FORT INDIANTOWN GAP, Pa. – More than 100 Soldiers assigned to the 160th Engineer Company of the Delaware Army National Guard performed squad-based reaction training in Pennsylvania July 12.
The company conducted its second annual training in the past six months to prepare for deployment. Soldiers patrolled through Fort Indiantown Gap’s Combined Arms Collective Training Facility, an urban training site, while moving in squad-sized elements. Trainees reacted to direct and indirect fire and Improvised Explosive Devices while patrolling.
“We typically focus more on our construction and engineering-related skills, so we don’t get to do training like this as much,” said Staff Sgt. Kyler Saxon, a squad leader and construction supervisor assigned to the 160th Engineer Company. “We definitely need to work on these types of Soldiering skills more, so it’s good that we’re here doing this training now and shaking the cobwebs off.”

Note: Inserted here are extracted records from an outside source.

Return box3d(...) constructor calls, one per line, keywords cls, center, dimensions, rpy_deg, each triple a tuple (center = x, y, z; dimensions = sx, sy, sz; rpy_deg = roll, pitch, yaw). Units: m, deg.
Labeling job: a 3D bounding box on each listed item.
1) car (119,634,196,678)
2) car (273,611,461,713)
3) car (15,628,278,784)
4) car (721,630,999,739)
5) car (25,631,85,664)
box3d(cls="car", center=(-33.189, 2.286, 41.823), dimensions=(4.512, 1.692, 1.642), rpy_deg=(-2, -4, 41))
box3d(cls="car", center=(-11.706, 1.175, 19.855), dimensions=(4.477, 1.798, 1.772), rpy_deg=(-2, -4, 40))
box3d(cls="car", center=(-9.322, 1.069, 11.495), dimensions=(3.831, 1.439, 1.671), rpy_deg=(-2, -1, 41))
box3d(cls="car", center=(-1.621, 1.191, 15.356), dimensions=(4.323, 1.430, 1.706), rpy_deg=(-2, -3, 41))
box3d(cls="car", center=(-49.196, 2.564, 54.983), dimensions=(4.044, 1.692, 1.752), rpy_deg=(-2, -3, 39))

With rehearsal and repetition comes proficiency. The U.S. Army applies the crawl-walk-run approach to training. Saxon said each time he and his Soldiers go through the training lane, they learn more. They’re working toward being able to fluidly patrol as a squad through the lane while appropriately reacting to threats.
“As a squad leader, this is a great refresher for me, my team, and our squad members to make sure we know everything we need to do in order to make it home safely,” said Saxon. “We’re working on identifying our sectors of fire, on being more vocal as we patrol, and on our team and squad communication skills in general.”
According to the company’s full-time staff members, the unit has been functioning at a relatively high operational tempo for some time as it prepares for its deployment.
“This is part of our pre-mobilization deployment training,” said Cpt. David Mears, commander of the 160th Engineer Company. “We’re training at Fort Indiantown Gap because the facilities available here, such as the CACTF, better facilitate the training we need to do.
“We’re rehearsing the Army warrior task and battle drills,” Mears said. “Eventually, we’ll be evaluated on our ability to perform these skills prior to deployment.”
The engineer company boasts vertical and horizontal construction capabilities and can offer a broad range of engineering support to friendly forces.
“We can provide construction and maintenance for aircraft runways or helicopter pads. We can create or modify berms, barriers and bunkers. We can also provide electrical and plumbing support, as well as most any basic maintenance across the board,” Mears said.
Meeting the engineering demands of the U.S. Army isn’t all that the 160th Engineering Company brings to the table. The company also regularly performs overseas deployment training missions, some of which aid non-military organizations and local communities.
“In the past, when we deployed to Poland to build structures to help support the Polish Armed Forces, we also spent time building beehives to aid in supporting the local populace. We actually do quite a lot of work that directly benefits communities, not just other Army elements,” Mears said.
In addition to the training the 160th Engineer Company conducts at the CACTF, it will train on crew-served weapons, grenade launchers, other weapons systems, and additional warrior tasks during the remainder of its annual training at Fort Indiantown Gap.